Background: Both biodegradable and non-biodegradable peptide-loaded implants are
already developed for the long-term treatment of patients, thereby reducing the frequency of drug
administration. To further improve peptide formulation, extending the scope of implant-based drug
delivery systems towards other polymers and processing techniques is highly interesting.
Objective: In this study, as a proof-of-principle, the feasibility of hot-melt processing of a peptide
active pharmaceutical ingredient was assessed by developing a non-biodegradable poly(ethylenevinyl
acetate) (33% VA) implant loaded with 20% (w/w) buserelin acetate.
Methods: Cross-sectional implant characterization was performed by Raman microscopy. The
stability of buserelin acetate in the polymeric matrix was evaluated for 3 months under ICH
stability conditions and the quantity as well as the degradation products analyzed using LC-UV
methods.

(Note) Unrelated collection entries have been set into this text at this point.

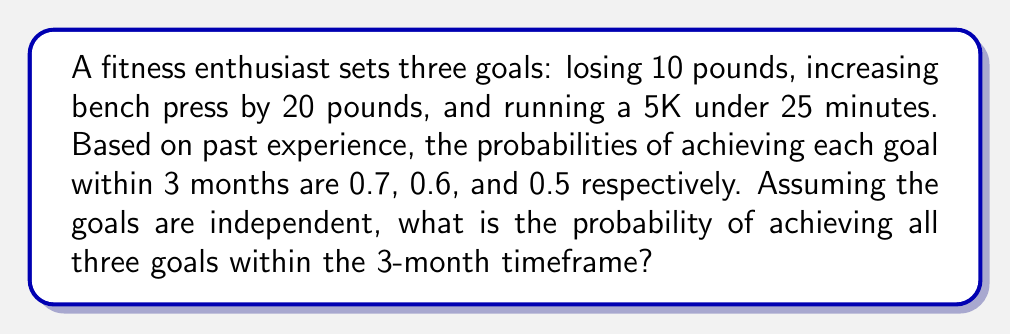Help me with this question. To solve this problem, we need to follow these steps:

1. Identify the probabilities for each goal:
   - Losing 10 pounds: $P(A) = 0.7$
   - Increasing bench press by 20 pounds: $P(B) = 0.6$
   - Running a 5K under 25 minutes: $P(C) = 0.5$

2. Recognize that we need to find the probability of all three events occurring together.

3. Since the goals are independent, we can use the multiplication rule of probability:
   $P(A \text{ and } B \text{ and } C) = P(A) \times P(B) \times P(C)$

4. Substitute the values:
   $P(\text{all goals}) = 0.7 \times 0.6 \times 0.5$

5. Calculate the result:
   $P(\text{all goals}) = 0.21$

Therefore, the probability of achieving all three fitness goals within the 3-month timeframe is 0.21 or 21%.
Answer: 0.21 
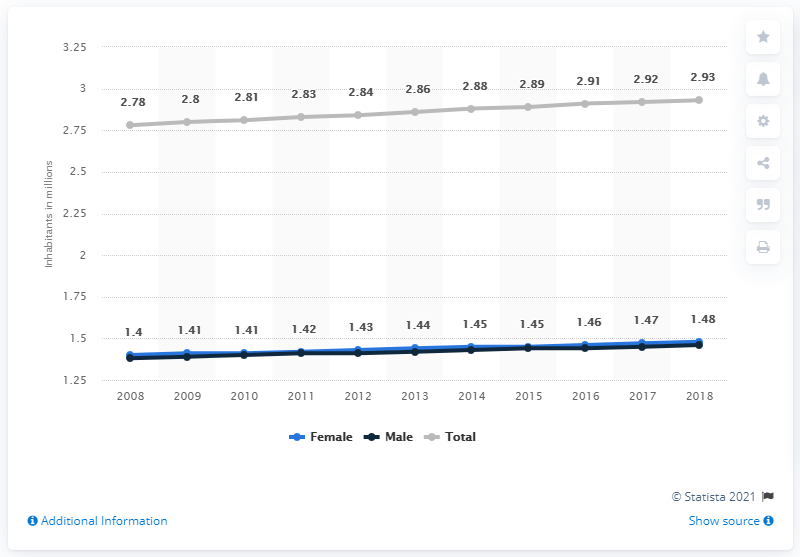Draw attention to some important aspects in this diagram. In 2018, there were approximately 1.46 million men living in Jamaica. The total minimum population is 2.78. The total maximum population is 2.93 billion. In 2018, it is estimated that approximately 1.48 million women lived in Jamaica. In 2008, Jamaica's population began to show an upward trend. 
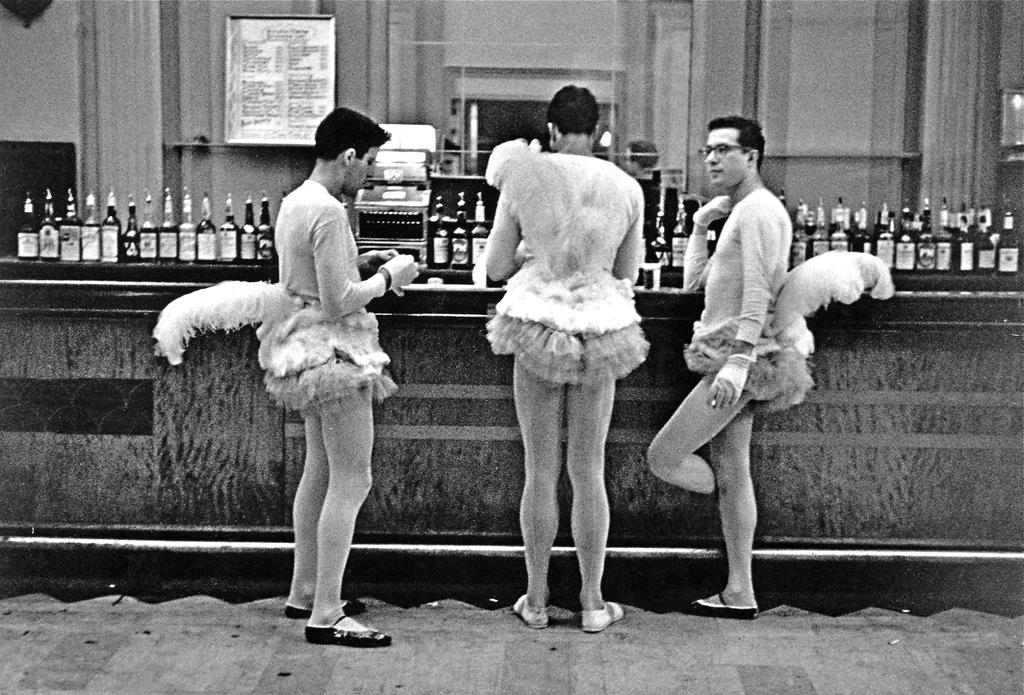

An in vitro dissolution study was performed as well and buserelin acetate and its
degradants analyzed using the same chromatographic methods.
Results: No significant quantities of buserelin acetate-related degradation products were formed
during the hot-melt preparation as well as during the stability study. Together with the consistent
buserelin acetate assay values over time, chemical peptide stability was thus demonstrated. The in
vitro buserelin acetate release from the implant was found to be diffusion-controlled after an initial
burst release, with stable release profiles in the stability study, demonstrating the functional
stability of the peptide implant.
Conclusion: These results indicate the feasibility of preparing non-biodegradable peptide-loaded
implants using the hot-melt production method and may act as a proof of principle concept for
further innovation in peptide medicinal formulations.